If a line in the entries includes "short", show that line.

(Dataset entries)
▽

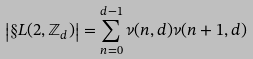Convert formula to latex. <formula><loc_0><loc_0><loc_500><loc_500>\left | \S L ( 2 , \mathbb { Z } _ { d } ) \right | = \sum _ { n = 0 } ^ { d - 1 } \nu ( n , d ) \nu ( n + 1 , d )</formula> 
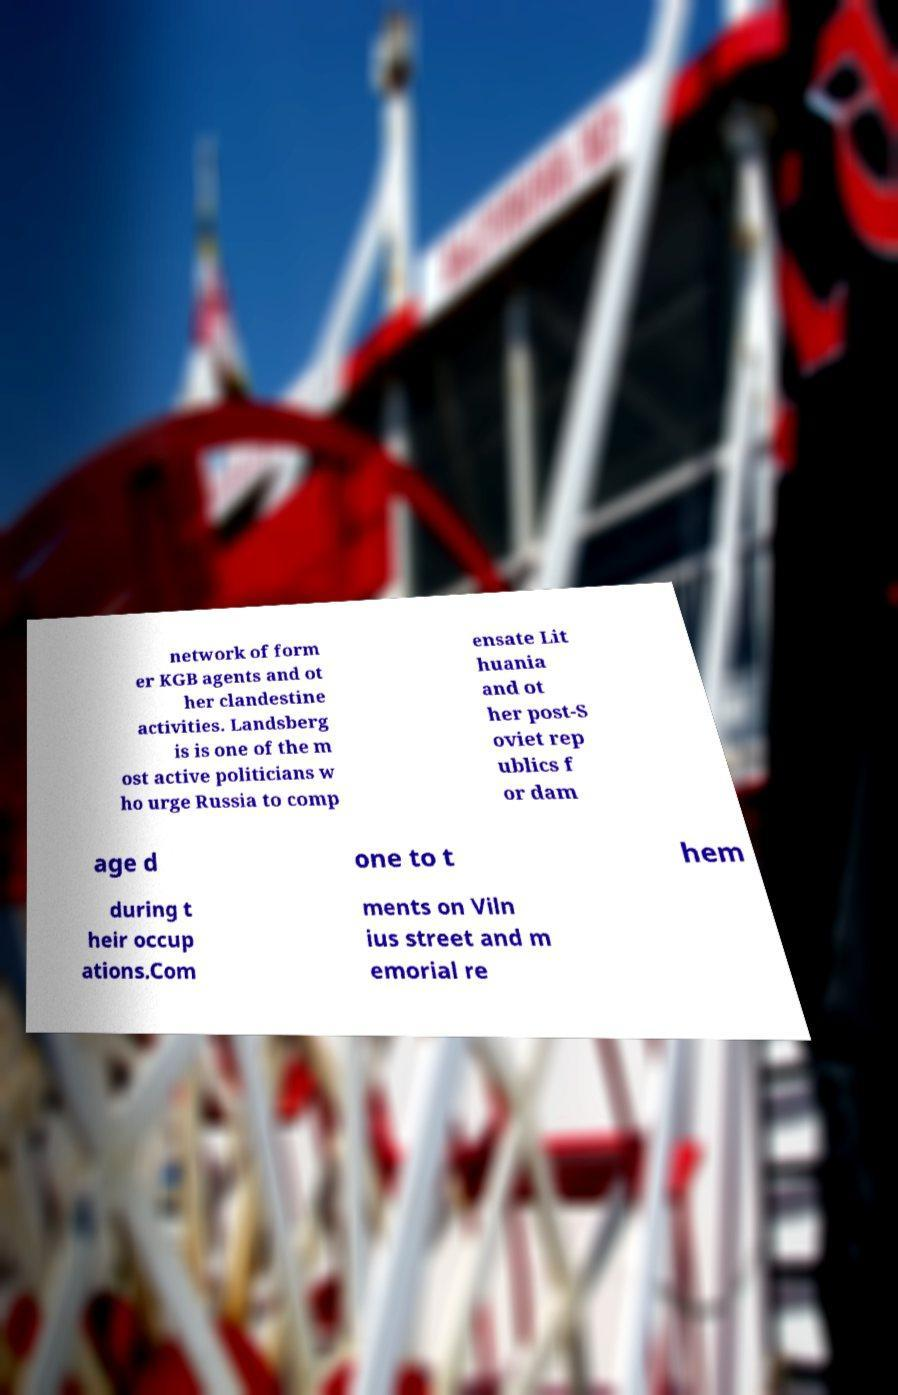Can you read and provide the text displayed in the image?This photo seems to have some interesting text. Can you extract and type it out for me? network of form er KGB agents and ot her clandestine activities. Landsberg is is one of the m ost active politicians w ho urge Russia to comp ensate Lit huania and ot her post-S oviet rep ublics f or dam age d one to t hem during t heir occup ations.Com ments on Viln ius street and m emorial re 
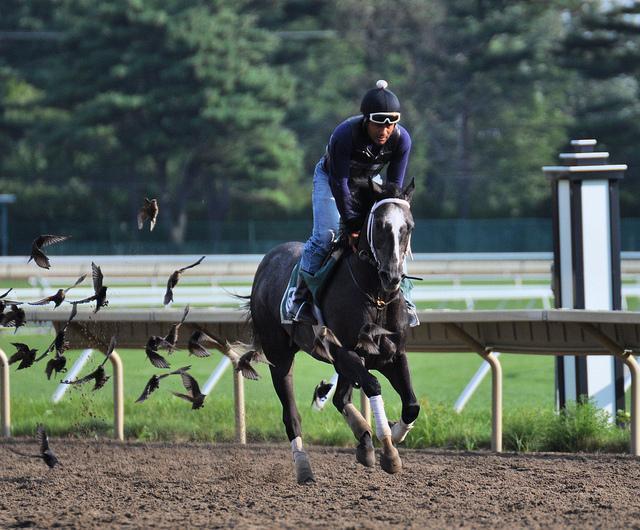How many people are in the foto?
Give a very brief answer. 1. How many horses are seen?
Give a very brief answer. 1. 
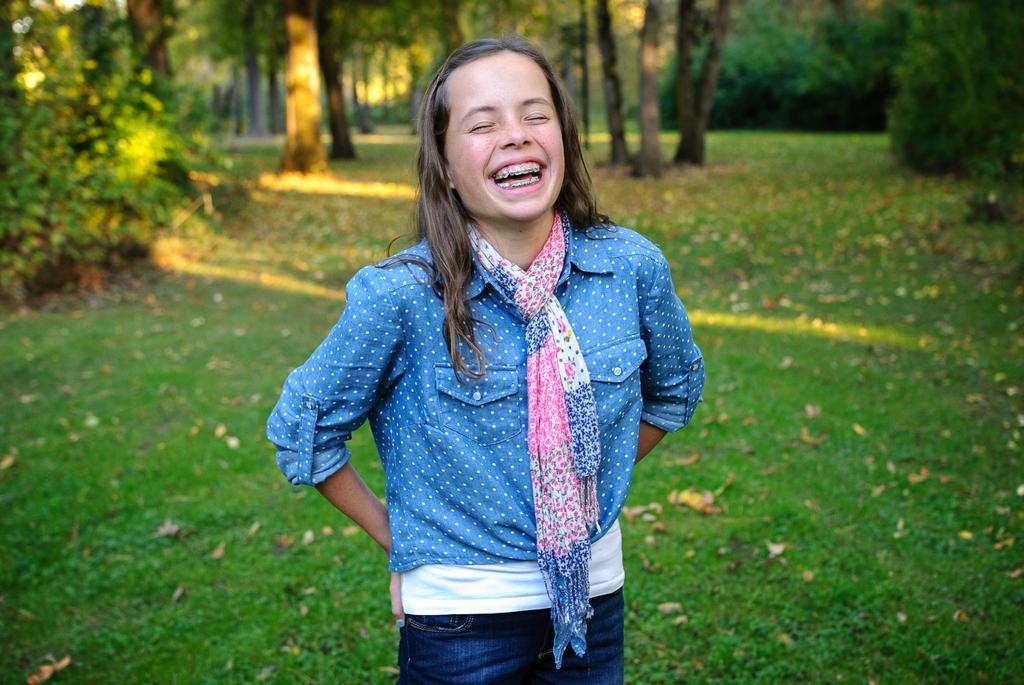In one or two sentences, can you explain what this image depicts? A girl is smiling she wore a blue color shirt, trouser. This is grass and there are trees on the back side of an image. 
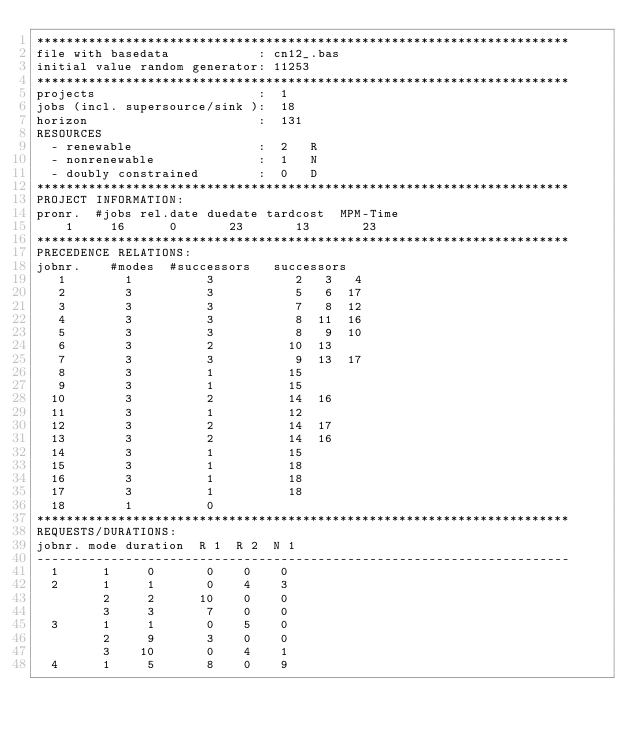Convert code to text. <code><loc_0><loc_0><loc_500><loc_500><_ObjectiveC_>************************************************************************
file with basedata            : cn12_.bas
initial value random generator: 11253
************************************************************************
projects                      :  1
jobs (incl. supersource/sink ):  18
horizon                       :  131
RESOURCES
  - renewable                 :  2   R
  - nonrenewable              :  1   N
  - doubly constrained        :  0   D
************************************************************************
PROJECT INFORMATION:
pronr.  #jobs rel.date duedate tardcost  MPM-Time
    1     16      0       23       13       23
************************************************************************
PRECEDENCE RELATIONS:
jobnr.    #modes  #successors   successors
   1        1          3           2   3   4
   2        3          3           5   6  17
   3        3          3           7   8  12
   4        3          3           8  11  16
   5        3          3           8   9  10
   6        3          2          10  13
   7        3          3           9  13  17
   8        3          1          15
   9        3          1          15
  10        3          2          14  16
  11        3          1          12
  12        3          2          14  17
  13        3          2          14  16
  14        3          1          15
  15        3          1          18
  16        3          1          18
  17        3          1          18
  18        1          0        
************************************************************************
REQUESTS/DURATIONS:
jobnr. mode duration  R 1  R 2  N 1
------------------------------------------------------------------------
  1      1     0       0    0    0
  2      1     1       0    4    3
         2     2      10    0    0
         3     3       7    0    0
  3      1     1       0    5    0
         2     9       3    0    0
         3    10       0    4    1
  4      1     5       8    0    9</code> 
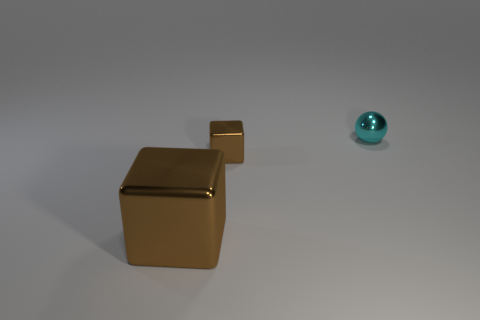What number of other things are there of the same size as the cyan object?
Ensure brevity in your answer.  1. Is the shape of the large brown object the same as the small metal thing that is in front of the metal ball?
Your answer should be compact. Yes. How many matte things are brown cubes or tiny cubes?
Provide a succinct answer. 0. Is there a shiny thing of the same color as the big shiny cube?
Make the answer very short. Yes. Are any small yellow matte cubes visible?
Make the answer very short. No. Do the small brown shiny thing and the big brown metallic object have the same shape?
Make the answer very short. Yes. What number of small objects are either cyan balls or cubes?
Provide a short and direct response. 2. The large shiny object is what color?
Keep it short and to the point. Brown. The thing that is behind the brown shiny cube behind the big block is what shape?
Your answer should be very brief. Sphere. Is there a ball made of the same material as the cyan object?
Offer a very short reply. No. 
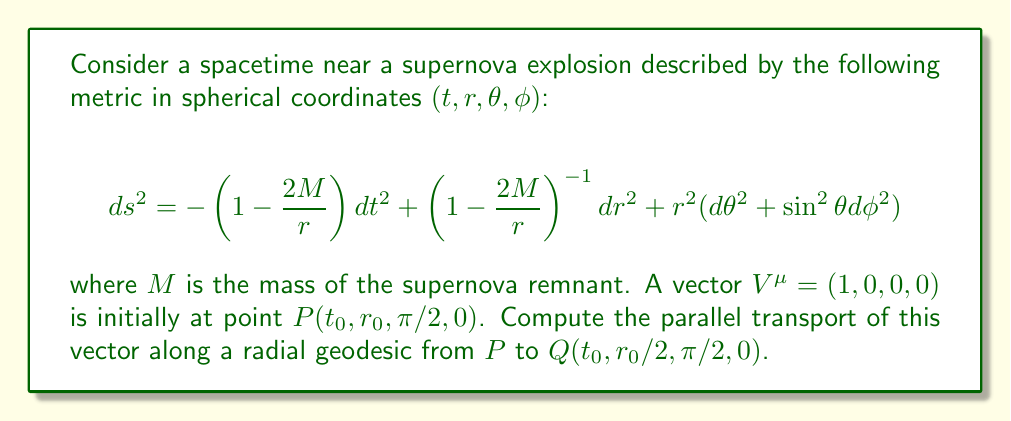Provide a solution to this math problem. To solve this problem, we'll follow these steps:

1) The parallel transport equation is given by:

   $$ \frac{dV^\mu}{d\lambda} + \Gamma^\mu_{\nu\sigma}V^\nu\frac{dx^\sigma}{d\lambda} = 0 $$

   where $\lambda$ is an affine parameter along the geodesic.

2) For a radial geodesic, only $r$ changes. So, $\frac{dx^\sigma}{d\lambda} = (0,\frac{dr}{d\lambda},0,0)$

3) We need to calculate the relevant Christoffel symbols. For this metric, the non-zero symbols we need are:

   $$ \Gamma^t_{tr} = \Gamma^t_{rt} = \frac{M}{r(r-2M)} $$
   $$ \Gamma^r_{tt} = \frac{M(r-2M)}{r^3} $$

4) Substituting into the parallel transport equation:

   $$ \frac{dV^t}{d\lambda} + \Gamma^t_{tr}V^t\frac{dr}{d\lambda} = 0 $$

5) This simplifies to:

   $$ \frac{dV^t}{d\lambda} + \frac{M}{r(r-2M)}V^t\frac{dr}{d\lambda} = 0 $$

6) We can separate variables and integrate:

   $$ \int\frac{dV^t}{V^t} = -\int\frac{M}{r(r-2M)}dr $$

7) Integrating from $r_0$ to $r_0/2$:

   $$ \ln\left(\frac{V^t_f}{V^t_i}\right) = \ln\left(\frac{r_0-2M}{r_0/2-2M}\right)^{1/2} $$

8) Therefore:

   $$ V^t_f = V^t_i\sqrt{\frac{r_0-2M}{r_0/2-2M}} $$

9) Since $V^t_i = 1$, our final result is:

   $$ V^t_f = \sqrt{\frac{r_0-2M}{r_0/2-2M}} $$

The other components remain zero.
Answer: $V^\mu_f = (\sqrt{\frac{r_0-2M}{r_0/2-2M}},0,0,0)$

△

*ANSWER TO THE PROBLEM*
Make the answer very short. Yes. Are any small yellow matte cubes visible?
Make the answer very short. No. Do the small brown shiny thing and the big brown metallic object have the same shape?
Make the answer very short. Yes. What number of small objects are either cyan balls or cubes?
Provide a short and direct response. 2. The large shiny object is what color?
Keep it short and to the point. Brown. The thing that is behind the brown shiny cube behind the big block is what shape?
Offer a very short reply. No. 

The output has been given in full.